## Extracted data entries
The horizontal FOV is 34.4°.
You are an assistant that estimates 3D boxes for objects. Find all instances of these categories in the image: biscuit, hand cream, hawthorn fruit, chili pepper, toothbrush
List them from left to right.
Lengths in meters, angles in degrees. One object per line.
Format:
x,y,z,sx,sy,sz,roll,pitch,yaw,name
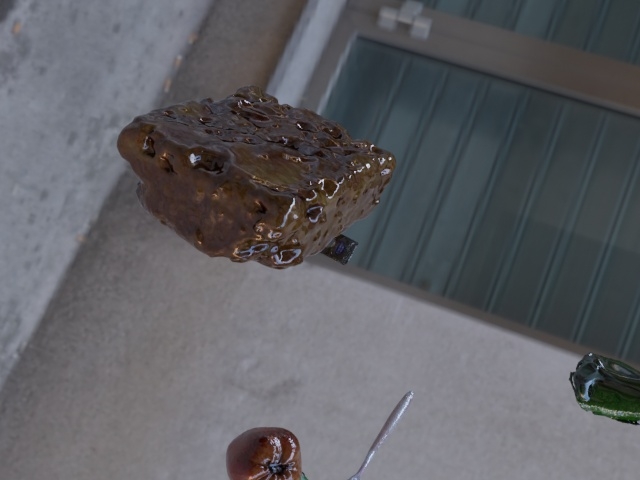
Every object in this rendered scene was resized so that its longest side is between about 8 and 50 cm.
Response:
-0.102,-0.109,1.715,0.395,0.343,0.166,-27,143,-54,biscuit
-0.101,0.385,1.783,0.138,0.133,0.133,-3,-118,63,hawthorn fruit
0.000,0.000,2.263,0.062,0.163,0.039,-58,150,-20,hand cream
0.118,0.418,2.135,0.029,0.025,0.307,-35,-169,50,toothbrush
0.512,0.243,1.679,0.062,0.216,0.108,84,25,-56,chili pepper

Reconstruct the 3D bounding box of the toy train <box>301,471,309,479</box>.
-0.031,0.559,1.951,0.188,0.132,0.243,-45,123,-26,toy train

## What to produce
The copy you produce must repeat all the entries exactly and contain no pictures.

## Task answer
The horizontal FOV is 34.4°.
You are an assistant that estimates 3D boxes for objects. Find all instances of these categories in the image: biscuit, hand cream, hawthorn fruit, chili pepper, toothbrush
List them from left to right.
Lengths in meters, angles in degrees. One object per line.
Format:
x,y,z,sx,sy,sz,roll,pitch,yaw,name
Every object in this rendered scene was resized so that its longest side is between about 8 and 50 cm.
Response:
-0.102,-0.109,1.715,0.395,0.343,0.166,-27,143,-54,biscuit
-0.101,0.385,1.783,0.138,0.133,0.133,-3,-118,63,hawthorn fruit
0.000,0.000,2.263,0.062,0.163,0.039,-58,150,-20,hand cream
0.118,0.418,2.135,0.029,0.025,0.307,-35,-169,50,toothbrush
0.512,0.243,1.679,0.062,0.216,0.108,84,25,-56,chili pepper

Reconstruct the 3D bounding box of the toy train <box>301,471,309,479</box>.
-0.031,0.559,1.951,0.188,0.132,0.243,-45,123,-26,toy train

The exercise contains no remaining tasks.